- [Work to complete] Every entry is to be returned as it stands, apart from the pictures.

[Items from a dataset]

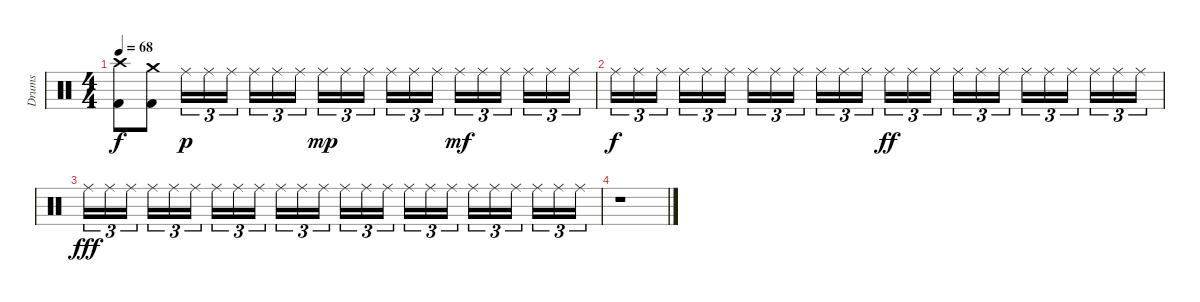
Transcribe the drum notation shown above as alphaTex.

\track ("Drums" "Drums") {instrument percussion}
\staff {score}
\articulation defaults
\ts (4 4)
\tempo 68
\clef neutral
\ks c
("Crash high (hit)" "Kick (hit) 2").8{dy f} ("Crash medium (hit)" "Kick (hit) 2").8 "Ride (middle)".16{tu (3 2) dy p} "Ride (middle)".16{tu (3 2)} "Ride (middle)".16{tu (3 2) beam splitsecondary} "Ride (middle)".16{tu (3 2)} "Ride (middle)".16{tu (3 2)} "Ride (middle)".16{tu (3 2)} "Ride (middle)".16{tu (3 2) dy mp} "Ride (middle)".16{tu (3 2)} "Ride (middle)".16{tu (3 2) beam splitsecondary} "Ride (middle)".16{tu (3 2)} "Ride (middle)".16{tu (3 2)} "Ride (middle)".16{tu (3 2)} "Ride (middle)".16{tu (3 2) dy mf} "Ride (middle)".16{tu (3 2)} "Ride (middle)".16{tu (3 2) beam splitsecondary} "Ride (middle)".16{tu (3 2)} "Ride (middle)".16{tu (3 2)} "Ride (middle)".16{tu (3 2)} |
"Ride (middle)".16{tu (3 2) dy f} "Ride (middle)".16{tu (3 2)} "Ride (middle)".16{tu (3 2) beam splitsecondary} "Ride (middle)".16{tu (3 2)} "Ride (middle)".16{tu (3 2)} "Ride (middle)".16{tu (3 2)} "Ride (middle)".16{tu (3 2)} "Ride (middle)".16{tu (3 2)} "Ride (middle)".16{tu (3 2) beam splitsecondary} "Ride (middle)".16{tu (3 2)} "Ride (middle)".16{tu (3 2)} "Ride (middle)".16{tu (3 2)} "Ride (middle)".16{tu (3 2) dy ff} "Ride (middle)".16{tu (3 2)} "Ride (middle)".16{tu (3 2) beam splitsecondary} "Ride (middle)".16{tu (3 2)} "Ride (middle)".16{tu (3 2)} "Ride (middle)".16{tu (3 2)} "Ride (middle)".16{tu (3 2)} "Ride (middle)".16{tu (3 2)} "Ride (middle)".16{tu (3 2) beam splitsecondary} "Ride (middle)".16{tu (3 2)} "Ride (middle)".16{tu (3 2)} "Ride (middle)".16{tu (3 2)} |
"Ride (middle)".16{tu (3 2) dy fff} "Ride (middle)".16{tu (3 2)} "Ride (middle)".16{tu (3 2) beam splitsecondary} "Ride (middle)".16{tu (3 2)} "Ride (middle)".16{tu (3 2)} "Ride (middle)".16{tu (3 2)} "Ride (middle)".16{tu (3 2)} "Ride (middle)".16{tu (3 2)} "Ride (middle)".16{tu (3 2) beam splitsecondary} "Ride (middle)".16{tu (3 2)} "Ride (middle)".16{tu (3 2)} "Ride (middle)".16{tu (3 2)} "Ride (middle)".16{tu (3 2)} "Ride (middle)".16{tu (3 2)} "Ride (middle)".16{tu (3 2) beam splitsecondary} "Ride (middle)".16{tu (3 2)} "Ride (middle)".16{tu (3 2)} "Ride (middle)".16{tu (3 2)} "Ride (middle)".16{tu (3 2)} "Ride (middle)".16{tu (3 2)} "Ride (middle)".16{tu (3 2) beam splitsecondary} "Ride (middle)".16{tu (3 2)} "Ride (middle)".16{tu (3 2)} "Ride (middle)".16{tu (3 2)} |
r.1

- [Final answer]
Transcribe the drum notation shown above as alphaTex.

\track ("Drums" "Drums") {instrument percussion}
\staff {score}
\articulation defaults
\ts (4 4)
\tempo 68
\clef neutral
\ks c
("Crash high (hit)" "Kick (hit) 2").8{dy f} ("Crash medium (hit)" "Kick (hit) 2").8 "Ride (middle)".16{tu (3 2) dy p} "Ride (middle)".16{tu (3 2)} "Ride (middle)".16{tu (3 2) beam splitsecondary} "Ride (middle)".16{tu (3 2)} "Ride (middle)".16{tu (3 2)} "Ride (middle)".16{tu (3 2)} "Ride (middle)".16{tu (3 2) dy mp} "Ride (middle)".16{tu (3 2)} "Ride (middle)".16{tu (3 2) beam splitsecondary} "Ride (middle)".16{tu (3 2)} "Ride (middle)".16{tu (3 2)} "Ride (middle)".16{tu (3 2)} "Ride (middle)".16{tu (3 2) dy mf} "Ride (middle)".16{tu (3 2)} "Ride (middle)".16{tu (3 2) beam splitsecondary} "Ride (middle)".16{tu (3 2)} "Ride (middle)".16{tu (3 2)} "Ride (middle)".16{tu (3 2)} |
"Ride (middle)".16{tu (3 2) dy f} "Ride (middle)".16{tu (3 2)} "Ride (middle)".16{tu (3 2) beam splitsecondary} "Ride (middle)".16{tu (3 2)} "Ride (middle)".16{tu (3 2)} "Ride (middle)".16{tu (3 2)} "Ride (middle)".16{tu (3 2)} "Ride (middle)".16{tu (3 2)} "Ride (middle)".16{tu (3 2) beam splitsecondary} "Ride (middle)".16{tu (3 2)} "Ride (middle)".16{tu (3 2)} "Ride (middle)".16{tu (3 2)} "Ride (middle)".16{tu (3 2) dy ff} "Ride (middle)".16{tu (3 2)} "Ride (middle)".16{tu (3 2) beam splitsecondary} "Ride (middle)".16{tu (3 2)} "Ride (middle)".16{tu (3 2)} "Ride (middle)".16{tu (3 2)} "Ride (middle)".16{tu (3 2)} "Ride (middle)".16{tu (3 2)} "Ride (middle)".16{tu (3 2) beam splitsecondary} "Ride (middle)".16{tu (3 2)} "Ride (middle)".16{tu (3 2)} "Ride (middle)".16{tu (3 2)} |
"Ride (middle)".16{tu (3 2) dy fff} "Ride (middle)".16{tu (3 2)} "Ride (middle)".16{tu (3 2) beam splitsecondary} "Ride (middle)".16{tu (3 2)} "Ride (middle)".16{tu (3 2)} "Ride (middle)".16{tu (3 2)} "Ride (middle)".16{tu (3 2)} "Ride (middle)".16{tu (3 2)} "Ride (middle)".16{tu (3 2) beam splitsecondary} "Ride (middle)".16{tu (3 2)} "Ride (middle)".16{tu (3 2)} "Ride (middle)".16{tu (3 2)} "Ride (middle)".16{tu (3 2)} "Ride (middle)".16{tu (3 2)} "Ride (middle)".16{tu (3 2) beam splitsecondary} "Ride (middle)".16{tu (3 2)} "Ride (middle)".16{tu (3 2)} "Ride (middle)".16{tu (3 2)} "Ride (middle)".16{tu (3 2)} "Ride (middle)".16{tu (3 2)} "Ride (middle)".16{tu (3 2) beam splitsecondary} "Ride (middle)".16{tu (3 2)} "Ride (middle)".16{tu (3 2)} "Ride (middle)".16{tu (3 2)} |
r.1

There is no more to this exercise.